> **Try it**: Reproduce the lines below exactly, starting at the one containing "Answer: C17H18FN How" and stopping at the final line.

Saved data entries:
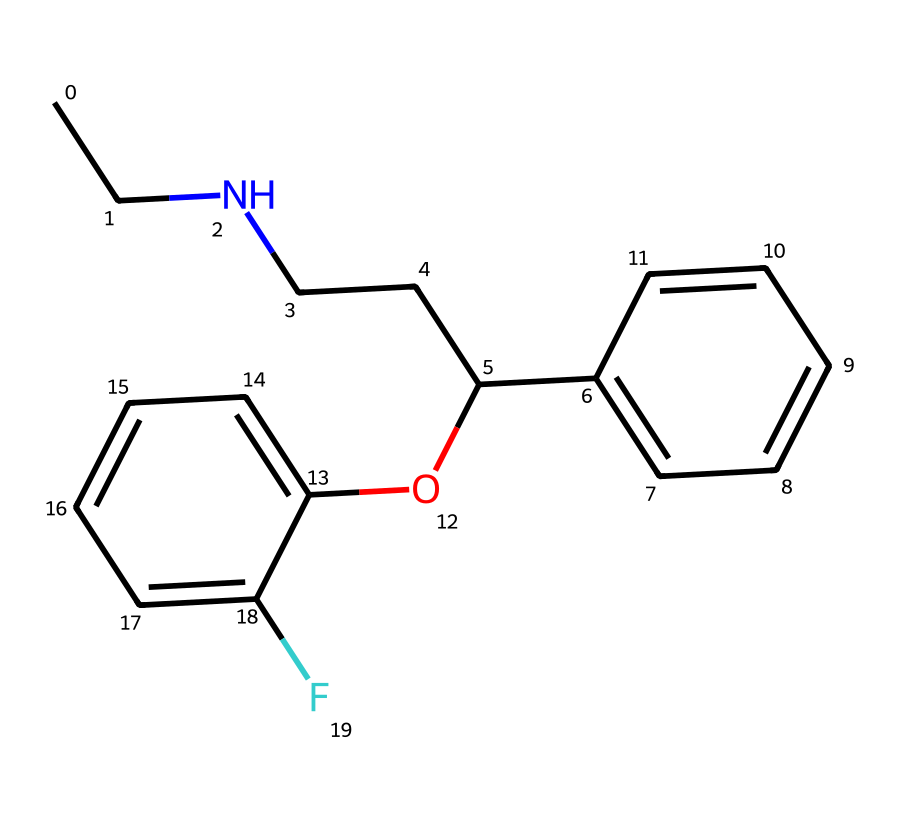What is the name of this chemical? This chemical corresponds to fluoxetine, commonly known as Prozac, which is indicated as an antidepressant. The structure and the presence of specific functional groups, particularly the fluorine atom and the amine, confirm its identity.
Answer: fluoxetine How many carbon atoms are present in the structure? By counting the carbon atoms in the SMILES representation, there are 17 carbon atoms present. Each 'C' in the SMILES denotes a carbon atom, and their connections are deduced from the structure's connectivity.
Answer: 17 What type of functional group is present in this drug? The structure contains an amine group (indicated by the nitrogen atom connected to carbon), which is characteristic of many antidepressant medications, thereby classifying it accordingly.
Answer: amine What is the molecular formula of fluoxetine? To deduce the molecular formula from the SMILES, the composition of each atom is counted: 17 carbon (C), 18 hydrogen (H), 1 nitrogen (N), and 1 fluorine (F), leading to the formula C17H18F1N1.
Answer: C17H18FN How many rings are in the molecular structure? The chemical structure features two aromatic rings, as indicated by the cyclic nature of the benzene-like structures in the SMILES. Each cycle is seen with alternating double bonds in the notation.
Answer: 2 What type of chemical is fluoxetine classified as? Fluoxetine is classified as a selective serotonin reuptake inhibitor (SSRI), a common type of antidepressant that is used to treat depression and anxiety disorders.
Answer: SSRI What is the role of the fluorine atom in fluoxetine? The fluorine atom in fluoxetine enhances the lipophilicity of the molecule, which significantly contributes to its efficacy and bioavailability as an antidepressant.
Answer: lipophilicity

> **The answer**:
Answer: C17H18FN How many rings are in the molecular structure? The chemical structure features two aromatic rings, as indicated by the cyclic nature of the benzene-like structures in the SMILES. Each cycle is seen with alternating double bonds in the notation.
Answer: 2 What type of chemical is fluoxetine classified as? Fluoxetine is classified as a selective serotonin reuptake inhibitor (SSRI), a common type of antidepressant that is used to treat depression and anxiety disorders.
Answer: SSRI What is the role of the fluorine atom in fluoxetine? The fluorine atom in fluoxetine enhances the lipophilicity of the molecule, which significantly contributes to its efficacy and bioavailability as an antidepressant.
Answer: lipophilicity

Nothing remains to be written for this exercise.